Lynval Abercrombie of Decatur remembers when Terry became full-time pastor of Decatur Baptist Church in 1948, shortly before he graduated from JBU in 1949. During the three to four years Terry spent in Decatur, he concentrated on getting younger people involved in church and organized into groups, Abercrombie said. He held tent revivals in the old city park and was very involved in the community. He also served as the chaplain for Peterson Industries, Abercrombie said.

While Terry was serving Decatur, the church built its first educational building in 1952, which added classrooms and resulted in the church having its first indoor restrooms and first baptistery, according to the church history.

Terry would go on to earn a Master of Business Administration Degree from the University of Arkansas in 1965 and received a Doctor of Humane letters degree from Linda Vista Baptist College in San Diego, Calif., according to a January 1985 article in JBU's student newspaper.

Terry began teaching at JBU in 1962 as a professor of business and economics, the article states. University records show Terry served as director of development from 1972 until 1976 and as a part-time instructor of economics again in 1985, according to Julie Gumm, JBU director of marketing and communications.

John Brown III, former university president, said that Terry served as his professor of economics when he was attending the university and was the director of development when he began working at JBU in 1974.

"He was a mentor and a friend to many of us who took classes on campus," Brown said. "My dad had called him to serve in administration and he served the university well in that capacity."

City records show Terry served as Siloam Springs mayor in 1978 and 1979, according to Holland Hayden, city communications manager.

Terry was also a former member of the Siloam Springs Rotary Club, served for 16 years on the Arkansas Council of Economic Education, and was a member and former chairman of the Arkansas Southern Baptist Association, Wasson said.

Terry authored two books -- "Dictionary of Business and Finance" and "International Management Handbook" -- published by the University of Arkansas Press, his obituary states. He also wrote an economics column for "The Northwest Arkansas Times" and the "Siloam Springs Herald-Leader."

Abercrombie and Terry became lifelong friends and he continued to visit the former pastor in the nursing home until visitors were no longer allowed because of the covid-19 pandemic. Abercrombie remembers Terry as a strong leader, a good counselor and a very likeable person, he said.
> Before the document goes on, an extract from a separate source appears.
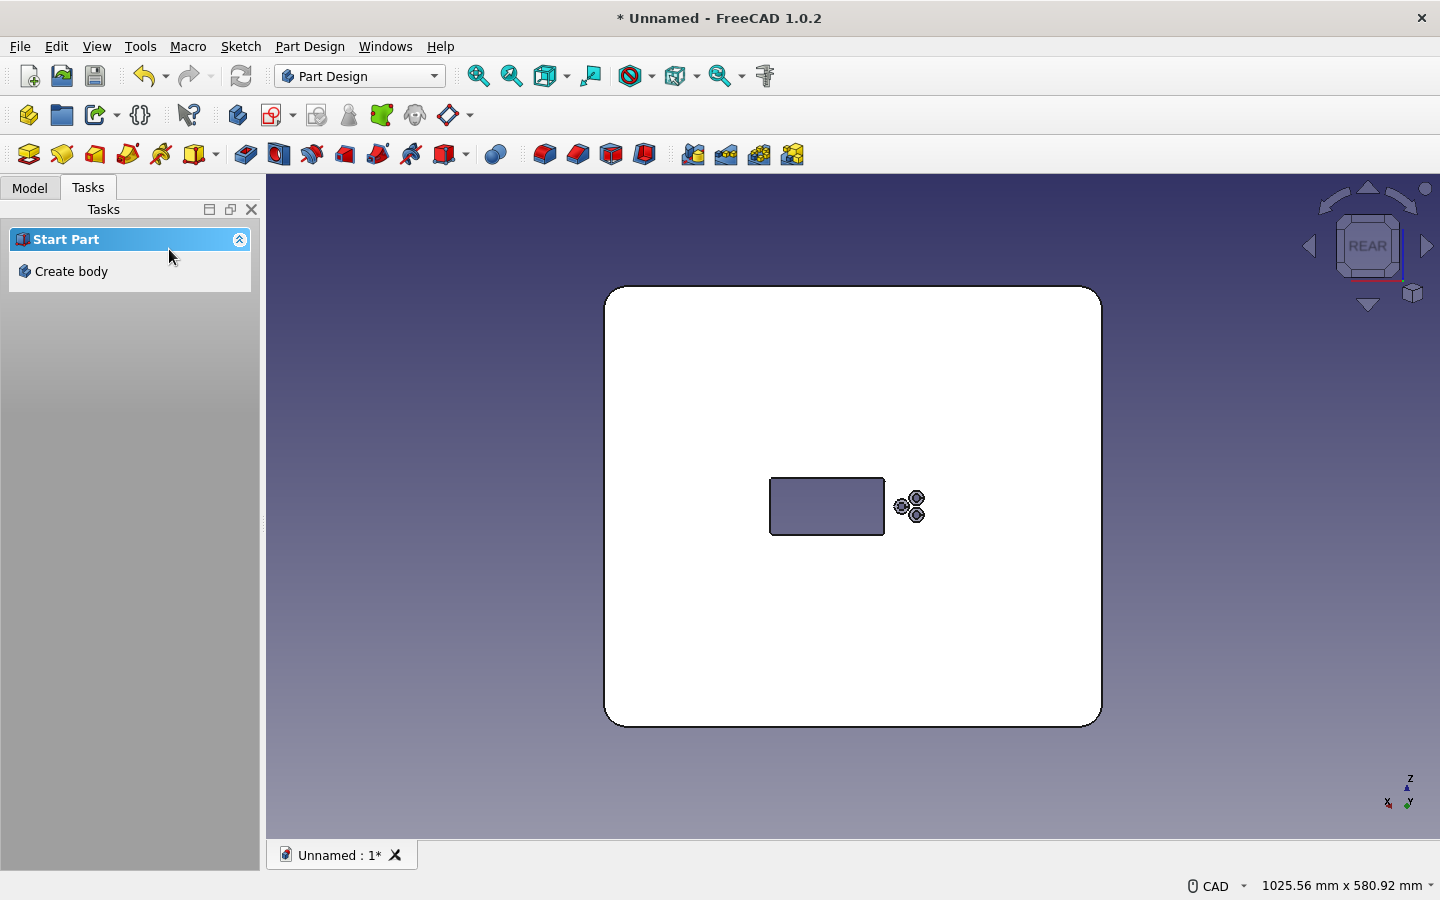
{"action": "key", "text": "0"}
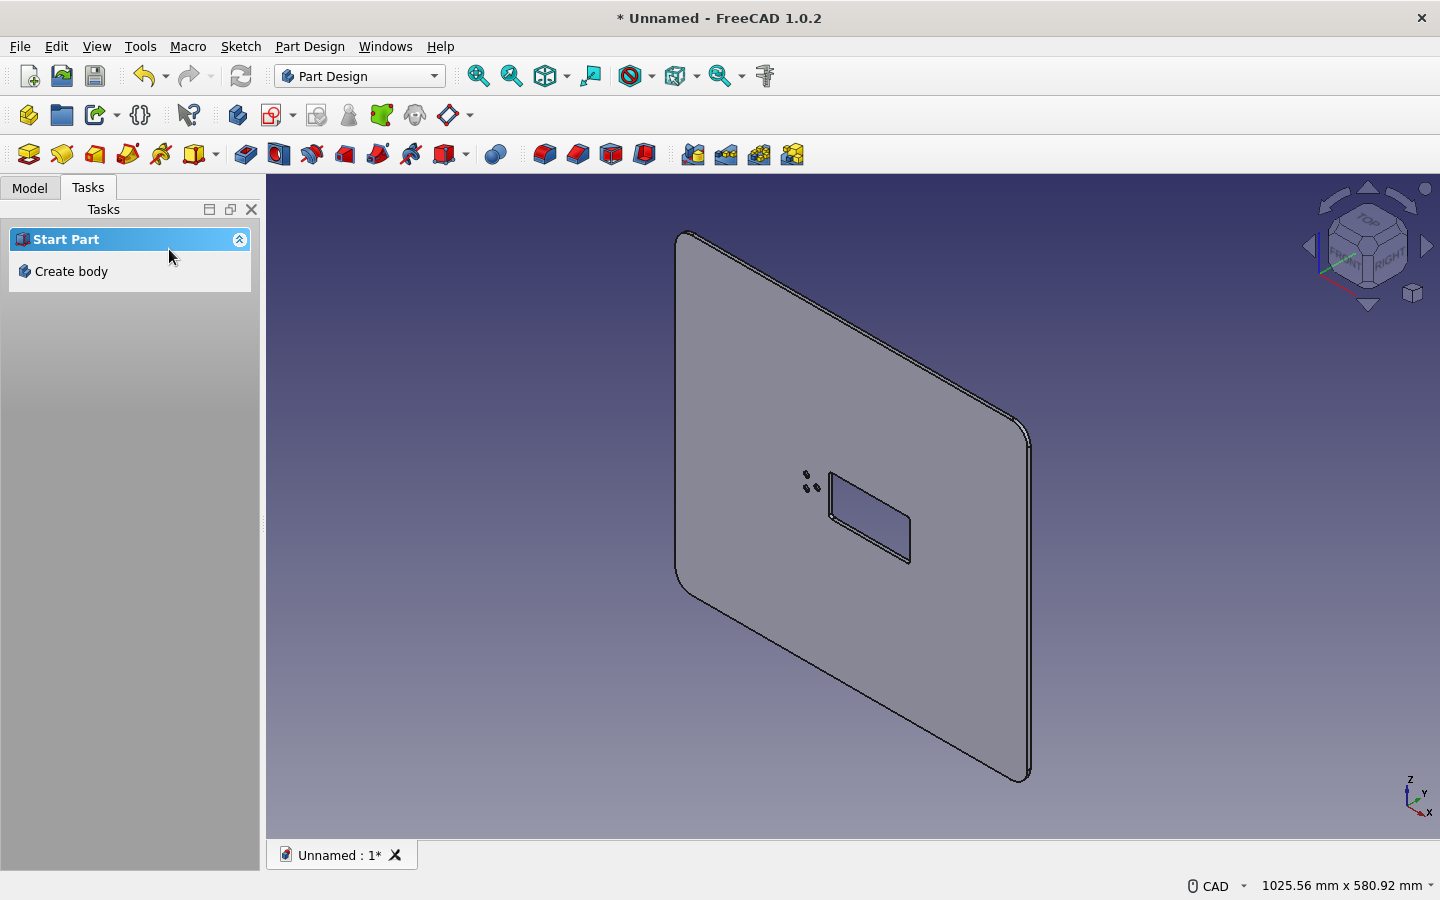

Wasson remembers Terry as an "incredible person." During the past 10 years, Terry continued to officiate funerals even though he was no longer able to drive. Wasson, owner and operations manager of Wasson Funeral Home, said he would often pick Terry up on the way to funerals and they spent many hours in the car together.

"We had great life conversations, I learned a lot from him," he said.